Gold nanoparticles (Au NPs) are effective radiosensitizers in medical applications such as drug delivery and cancer therapy. In biomedical and cancer therapy applications, Au NPs can act as a contrast agent and dose enhancer in image-guided nanoparticle-enhanced radiotherapy using kilovoltage cone-beam computed tomography [1][2]. With recent advances of synthesis and fabrication methods in nanomaterials, particle variables such as size, composition, morphology and surface chemistry can be controlled easily by precise technology [3]. Moreover, biocompatible surface coating can be added onto the NP surface to provide stabilization under physiological condition. The integration of functional ligands as coating through surface chemistry on the NPs enables them to perform multiple biomedical functions in the molecular or cellular level simultaneously. Applications of these nanomaterials include contrast agents in multimodal imaging, carriers in drug delivery and enhancers in cancer therapy. In this review, we will highlight various synthesis methods to fabricate Au NPs. We will explore different applications of nanomaterials in drug delivery and cancer therapy such as plasmid deoxynucleic acids vector delivery, ribonucleic acids delivery and gold nanoparticle-based therapy.

2. Application

Tremendous technological interest have been given to Au NPs due to their unique optical properties, ease of synthesis and chemical stability. The particles can be used in biomedical applications such as cancer treatment, biological imaging, chemical sensing, and drug delivery [4][5][6]. However, their potential toxicity and health impact need to be explored thoroughly, before they can be used in clinical settings [7]. Considerable interest has been given to nanostructures in the past few years due to their properties, such as safe delivery and ability to act as a therapeutic agent. Several therapeutic approaches have been reported to make use of NPs, such as in anticancer drug delivery, molecular diagnosis for disease detection and nanoscale immunotherapy. These areas show high potential for future clinical implementation [8]. Recent studies on NPs have given insight on how to develop new targeted therapies, systemic cancer treatments and identification of novel oncogenic targets [9]. Commonly used nanomaterials in biomedical application are Au NPs, liposomes, carbon nanotubes, polymeric micelles, graphene, ferrous or ferric oxide NPs, and quantum dots [10]. Human exposure to engineered nanomaterials is inevitable due to recent advances of NP-based applications. NPs provide plentiful advantages from industrial and consumer perspective. NPs are used in many applications and their properties determine their usage in application [11][12][13]. Some of the important properties of NPs are size, melting point, chemical reactivity and particle surface area. The size of NPs is generally below 100 nm and they have low melting point, high chemical reactivity and large external surface area [14]. Recently, NP-based drug delivery attracted increasing attention [15]. Au NPs are one of the popular NPs and have been widely studied in cancer theranostics. The application of Au NPs can be traced back to the middle age and that is why they are also known as potable gold [16]. Some of the unique properties of Au NPs prominent in medical application are the high x-ray absorption coefficient, localized surface plasmon resonance and radioactivity [17]. Au NPs also display amazing electronic and optical properties that can enable controllable interactions with organic molecules having electron-donating groups. With the advances of functionalized Au nanomaterials, their usages have been increased with the potential to be implemented in many more applications [18].

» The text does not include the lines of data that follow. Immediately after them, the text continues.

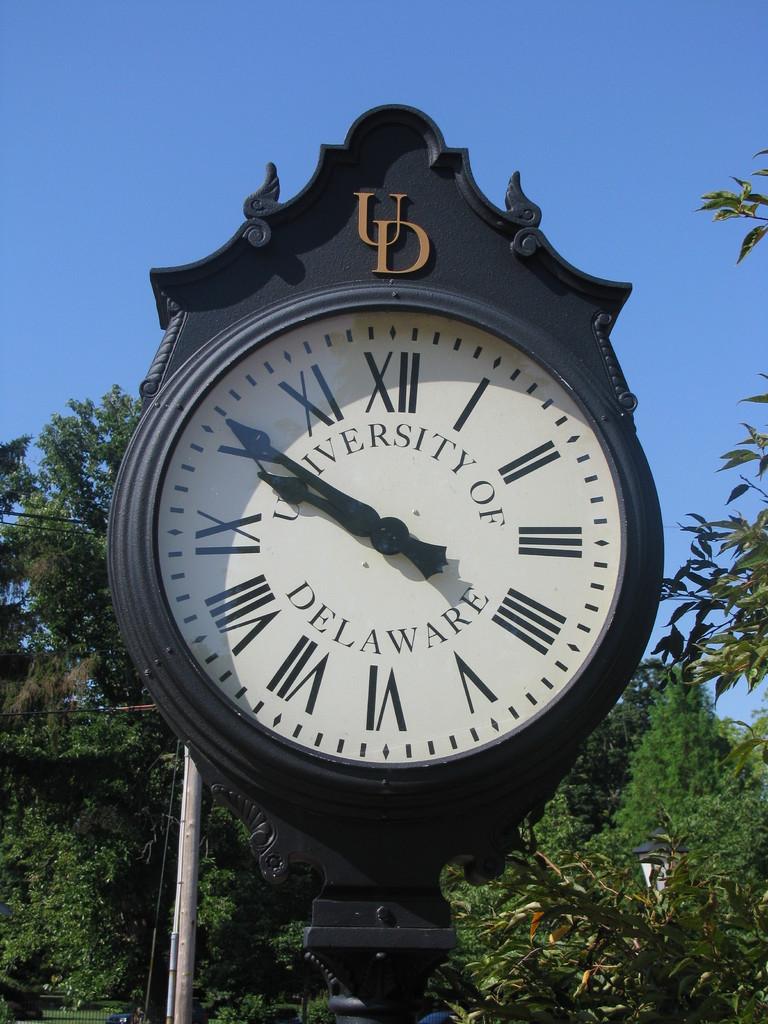What university is this clock affiliated with?
Your answer should be compact. University of delaware. What letter are in black above the clock face?
Give a very brief answer. Ud. 
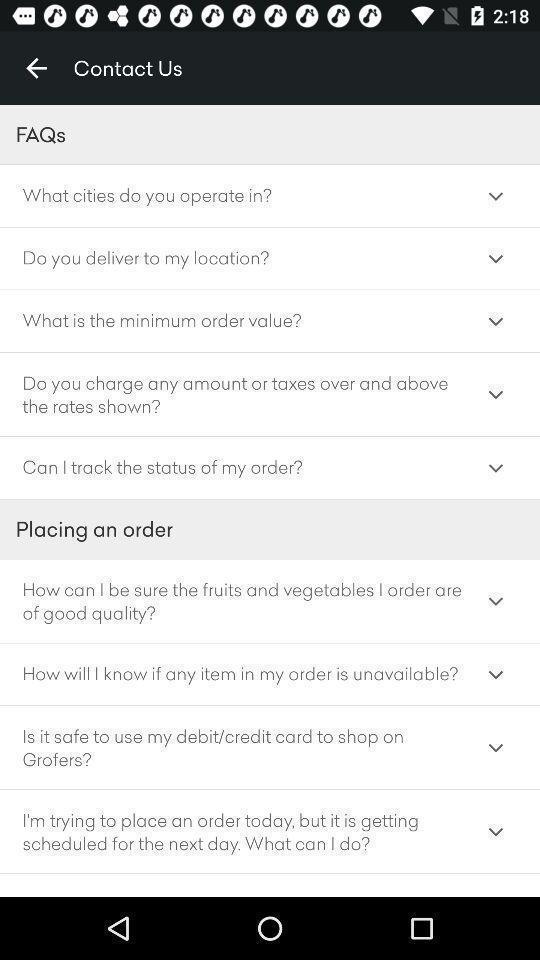Provide a textual representation of this image. Screen displaying frequently asked questions page. 
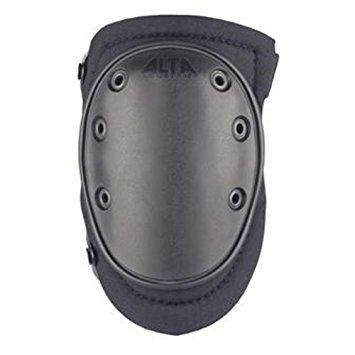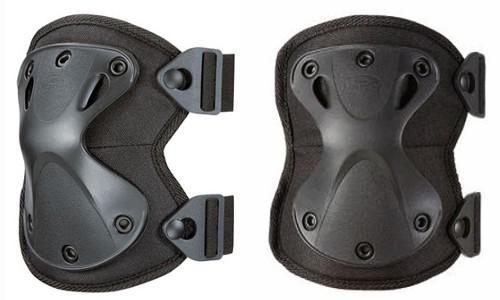The first image is the image on the left, the second image is the image on the right. Assess this claim about the two images: "The left image contains one kneepad, while the right image contains a pair.". Correct or not? Answer yes or no. Yes. The first image is the image on the left, the second image is the image on the right. Evaluate the accuracy of this statement regarding the images: "There are three greyish colored pads.". Is it true? Answer yes or no. Yes. 
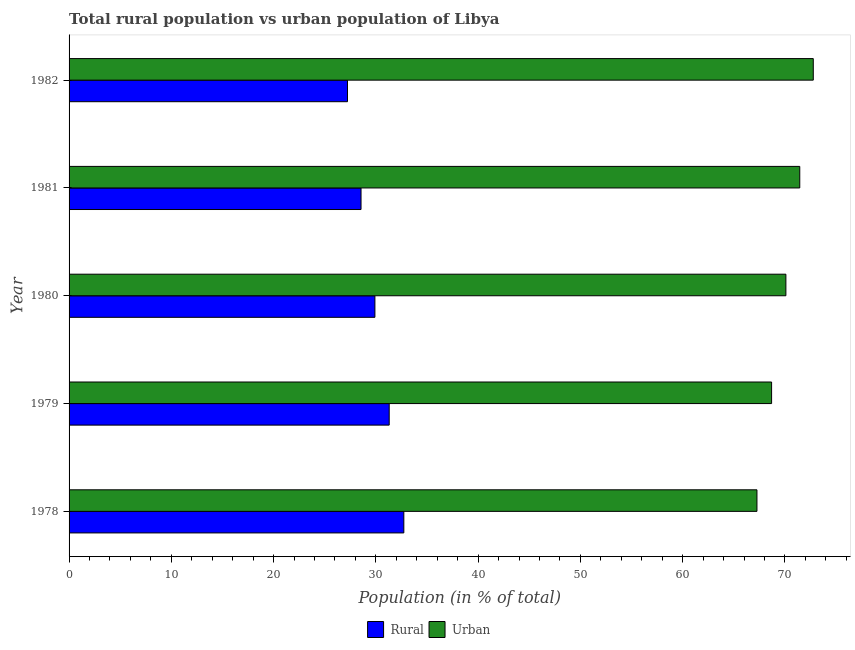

From the drug administration for patients, whose degradation, movement, drug accumulation in tumor and body excretion follow complex theories, which compromising of vascular morphology and blood flow rate. As the injected dose transverses into the patient’s body, the drug accumulation and kinetics fate are dictated by factors such as spatial diameter, geometry, number of and length of blood vessels. When the drug transports to the target destination, the efficacy of optimal dose uptake is reduced by the patient’s defense mechanism that tries to keep foreign materials such as viruses, drug chemicals, bacteria and sensor devices out of the body [19]. Biomaterials offer the ability to improve upon medical technologies through increased control of the type and concentration of immune signals delivered. With the advances of surface coating technology, surface functionalization of Au NPs becomes possible. Different functional groups such as PEG, ssDNA, antibody, peptide, drug, florescence marker and siRNA can be attached on the particle surface as shown in Figure 1. This makes Au NPs act as molecular sensors, therapeutic agents, and vehicles for imaging agent and drug delivery [20].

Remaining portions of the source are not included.